In his native tongue of Quechua, Guaysamin’s name means white bird. Guyasamin, who was mixed-race, was personally impacted by the racism he experienced due to his indigenous heritage. Then, a major turning point in his life occurred when he witnessed a stray bullet kill his best friend during a political protest.

Due to his lifelong work to expose the plight of the indigenous peoples, Guayasamín is considered the pioneer of "indigenous expressionism.” He said of his work, “My art is a form of prayer, a cry...and the most elevated result of love and solitude.”

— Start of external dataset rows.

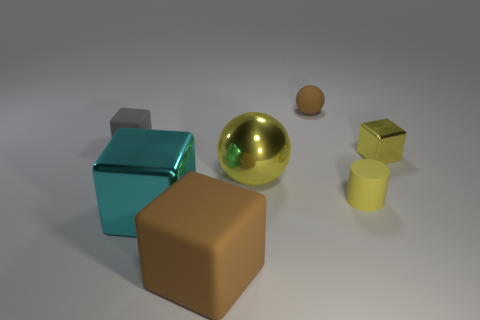There is a object on the right side of the tiny cylinder; does it have the same color as the big sphere?
Your answer should be very brief. Yes. How many objects are either big metal objects that are to the right of the big brown matte block or tiny blocks on the right side of the gray object?
Offer a very short reply. 2. What number of brown things are both in front of the brown sphere and behind the yellow rubber cylinder?
Provide a succinct answer. 0. Do the large brown object and the yellow block have the same material?
Make the answer very short. No. What shape is the big shiny thing to the left of the brown matte thing in front of the brown thing right of the big brown cube?
Provide a succinct answer. Cube. There is a cube that is behind the big yellow object and to the right of the cyan metallic block; what is it made of?
Keep it short and to the point. Metal. The small block that is left of the ball behind the small yellow object behind the big yellow object is what color?
Provide a succinct answer. Gray. How many purple things are large rubber things or metallic things?
Make the answer very short. 0. How many other things are there of the same size as the yellow matte cylinder?
Offer a very short reply. 3. What number of shiny cubes are there?
Offer a terse response. 2.

The Chilean poet Pablo Neruda later wrote of his friend: "Guayasamín is a creator of humanity in its broadest sense, of the living and historical imagination. His universe is sustaining although it threatens us like a cosmic disaster. Think before approaching his painting because it will not be easy to withdraw."

When he died, Guayasamin was mourned by the indigenous people of Ecuador and his death was marked with days of strikes Then, just months later during the time I lived in Quito, the indigenous peoples staged a peaceful sit-in to remove the President of Ecuador, and his successor was named with no bloodshed.

A quote by Guyasamin on walls of Capilla del Hombre reads, “Mantengan encendida una luz que siempre voy a volver,” which means, “Keep a light burning that I will always return.”

May we as a community move together from tears and rage to tenderness, and together, may we keep the light burning for the human spirit Guyasamin so beautifully illuminated.